The problem is, we'd create perpetual non-citizens (as others have mentioned). Places that don't have birthright citizenship almost always have some modified method (such as can become a citizen at 18 if you've lived here x years as a minor, or similar) that prevents this permanent group of uncitizens. I have no issue getting rid of birthright if we implemented something similar.

While I disagree with the 'little cost to it' portion, I wholeheartedly agree that simple removal would not be an avenue to take. Set timelines guaranteeing citizenship would have to be part of the equation to really make any sense. It would ease strain on social services costs by delaying immediate use, possibly deterring some irresponsible child bearing decisions.
 
I know. It's the mechanism that stuck me as odd. When the 14th amendment's birthright provision was set up, it was with a mind to confer citizenship to former slaves, IIRC. That provision is certainly obsolete, no?

Measles isn’t a problem any more, does that mean we should no longer vaccinate against it?
 
Surely, that happens from time to time already, if it's not a totally negligible occurrence. Most Eastern Hemisphere countries don't allow birthright citizenship, without certain significant restrictions.d acknowledge US

It does happen. In Europe local provisions allowing for citizenship and EU provisions regarding free movement address most but not all of the issue. In other places it results in terrible suffering and even genocide. Again, the fact that it happens now doesn’t mean it’s not a problem.
This is a non-issue. The US, for instance, doesn't acknowledge dual citizenship, but its citizens are welcome to claim dual citizenship. The US would acknowledge US citizenship, but not the citizenship of the other nation.

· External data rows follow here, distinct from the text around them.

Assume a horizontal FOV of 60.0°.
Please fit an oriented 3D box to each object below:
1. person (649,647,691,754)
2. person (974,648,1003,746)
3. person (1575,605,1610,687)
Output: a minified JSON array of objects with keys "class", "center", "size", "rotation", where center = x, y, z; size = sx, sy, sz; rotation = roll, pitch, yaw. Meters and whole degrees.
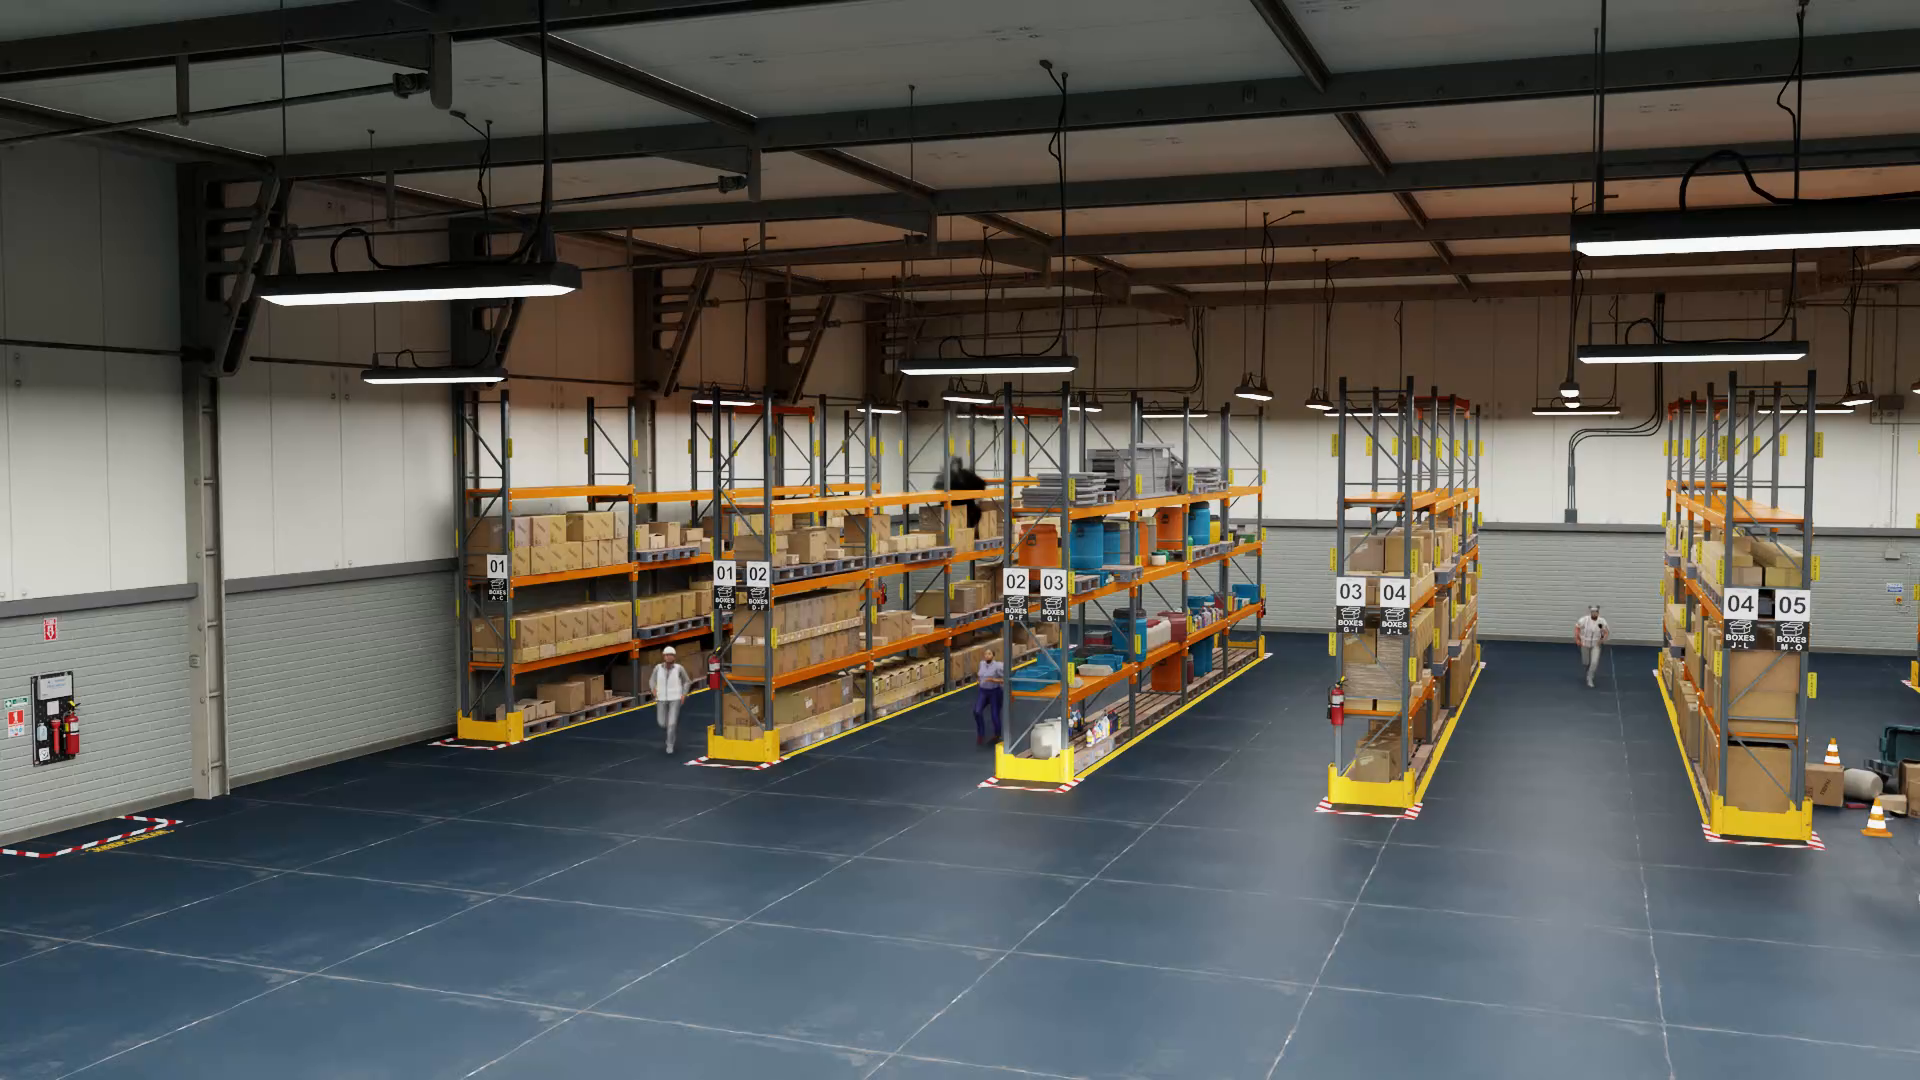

Eh? What does dual citizenship have to do with it? If the US no longer recognises children born in the US as citizens, but their parents country says they weren’t born here so they are not citizens where are you going to deport them to?
 
If the US no longer recognises children born in the US as citizens, but their parents country says they weren’t born here so they are not citizens where are you going to deport them to?

Gitmo?
 
So you support creating an official class of people who have no citizenship and who’s descendants will never be citizens of any country and can be expelled/exploited at will?

Nope. We have citizens without states now, though not many. The children could be in theory appointed citizenship in a similar manner as refugees. Didn't say anything about exploiting at will, btw. Not my fetish. Yours?

Does that make it less of a problem?

No, but you asked me how to justify a theoretical problem...by presenting the problem we already have and would have in my or any model.
 
Measles isn’t a problem any more, does that mean we should no longer vaccinate against it?

Your analogy suggests we should provide a way to confer citizenship on American freed slaves again. How are you viewing our future, now?